# New Trek 3500 Questions...



## maxxdout (May 24, 2011)

Just purchased a Trek 3500 mtb last Sunday and I have a few small questions about it...

1. I noticed a small sticker on the back of the fork which reads "USE ONLY FOR: LEISURE CROSS COUNTRY. DO NOT USE FOR: FREERIDE / DOWNHILL, DIRT JUMPING OR ANY HARD RIDING". Is this true? I didn't plan on doing anything extreme but I did plan on taking it on some trails with some small jumps (a few feet at the most, nothing more than a 4 foot drop). Maybe it's just a liability thing where they need to put this sticker on it so just in case something does happen, it's not their fault? Or are these forks really a pos? I understand it's an entry level bike, but I would think it would still be able to hand some small jumps and what-not...

2. What are these bolts for?

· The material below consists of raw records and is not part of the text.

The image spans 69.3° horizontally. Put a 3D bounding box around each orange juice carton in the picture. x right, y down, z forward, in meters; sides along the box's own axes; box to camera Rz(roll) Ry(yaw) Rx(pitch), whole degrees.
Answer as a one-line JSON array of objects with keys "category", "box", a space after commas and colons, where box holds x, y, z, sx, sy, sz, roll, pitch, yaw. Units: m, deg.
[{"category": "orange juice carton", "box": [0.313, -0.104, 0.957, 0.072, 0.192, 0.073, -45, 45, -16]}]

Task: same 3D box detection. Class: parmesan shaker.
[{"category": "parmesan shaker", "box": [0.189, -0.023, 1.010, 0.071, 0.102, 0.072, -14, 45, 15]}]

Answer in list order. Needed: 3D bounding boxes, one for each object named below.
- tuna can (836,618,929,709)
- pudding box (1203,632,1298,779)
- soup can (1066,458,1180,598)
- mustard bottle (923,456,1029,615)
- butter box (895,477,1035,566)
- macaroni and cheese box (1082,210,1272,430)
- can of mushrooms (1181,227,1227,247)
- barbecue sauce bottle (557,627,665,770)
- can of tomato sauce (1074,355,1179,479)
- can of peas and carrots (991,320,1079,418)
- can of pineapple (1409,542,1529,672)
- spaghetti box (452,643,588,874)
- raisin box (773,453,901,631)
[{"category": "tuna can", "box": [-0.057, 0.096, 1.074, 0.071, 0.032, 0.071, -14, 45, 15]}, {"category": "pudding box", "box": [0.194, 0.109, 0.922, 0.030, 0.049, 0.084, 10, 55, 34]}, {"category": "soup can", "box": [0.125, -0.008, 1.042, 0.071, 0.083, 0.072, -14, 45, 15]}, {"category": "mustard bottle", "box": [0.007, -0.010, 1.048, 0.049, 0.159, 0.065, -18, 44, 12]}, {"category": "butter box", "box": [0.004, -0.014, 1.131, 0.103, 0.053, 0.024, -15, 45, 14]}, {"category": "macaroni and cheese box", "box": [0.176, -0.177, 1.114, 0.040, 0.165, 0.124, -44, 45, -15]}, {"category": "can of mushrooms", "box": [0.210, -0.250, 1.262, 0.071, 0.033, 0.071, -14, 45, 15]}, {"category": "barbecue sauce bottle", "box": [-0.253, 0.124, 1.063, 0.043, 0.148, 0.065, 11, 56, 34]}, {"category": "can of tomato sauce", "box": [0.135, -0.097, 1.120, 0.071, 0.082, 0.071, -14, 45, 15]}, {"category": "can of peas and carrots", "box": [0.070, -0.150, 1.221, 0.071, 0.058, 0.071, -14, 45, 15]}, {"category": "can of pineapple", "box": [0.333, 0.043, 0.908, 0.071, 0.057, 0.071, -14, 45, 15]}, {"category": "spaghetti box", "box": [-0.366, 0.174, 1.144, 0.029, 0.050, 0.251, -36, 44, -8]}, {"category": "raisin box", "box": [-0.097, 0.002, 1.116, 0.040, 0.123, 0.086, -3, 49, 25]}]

There's one on the bottom and one on each side...










3. How do I adjust the front suspension? I thought the plastic end caps were supposed to spin but I can't get them to budge. The fork is a Suntour M-2025.

4. Is it normal for a new fork to feel "sticky"? When I first got it, it wasn't really that smooth. I can tell it's getting better, but it still feels a bit sticky when I compress/decompress it. It also does feel a bit stiff so maybe if I adjust it a bit, it will feel better...

Thanks!


----------



## imspecial (Jul 23, 2010)

1. that is true. lower end bikes are not designed to take the hits that dirt jumpers/ freeride/ downhill rigs can take. on that note, i wouldnt mind riding the 3500 off a 3 foot drop.
2. those bolts are to attach a rack on the back of the bike
3. i have no experience with this fork
4. forks go through a break- in period


----------



## Adam_B. (Apr 7, 2011)

If I'm not mistaken that was the same fork I had on my last bike(gt aggressor). It always felt a little sticky and it also bottomed out pretty easily.


----------



## maxxdout (May 24, 2011)

Thanks imspecial, and mtbnoobadam, I haven't bottomed mine out yet, it's too stiff to do so!


----------



## Adam_B. (Apr 7, 2011)

I'm 6'2" 215lbs so thats probably why mine bottomed out so easily.


----------



## maxxdout (May 24, 2011)

I'm 5'7" 245lbs, haha! I'm trying to lose some weight so I can start racing bmx again. I was at 265lbs about 3 weeks ago, and I was 245 last night! Yea baby!


----------



## Ice Cold (Aug 20, 2008)

I stayed away from the Trek 3500 I almost purchased that and or the 3900 Disc but I did my home work and at 5'10" 250lbs the Wheels and or Rims are Single Walled what that means is they are very weak. And any type of drop maybe even 1 foot or jump will Taco or bend the wheels immediately. 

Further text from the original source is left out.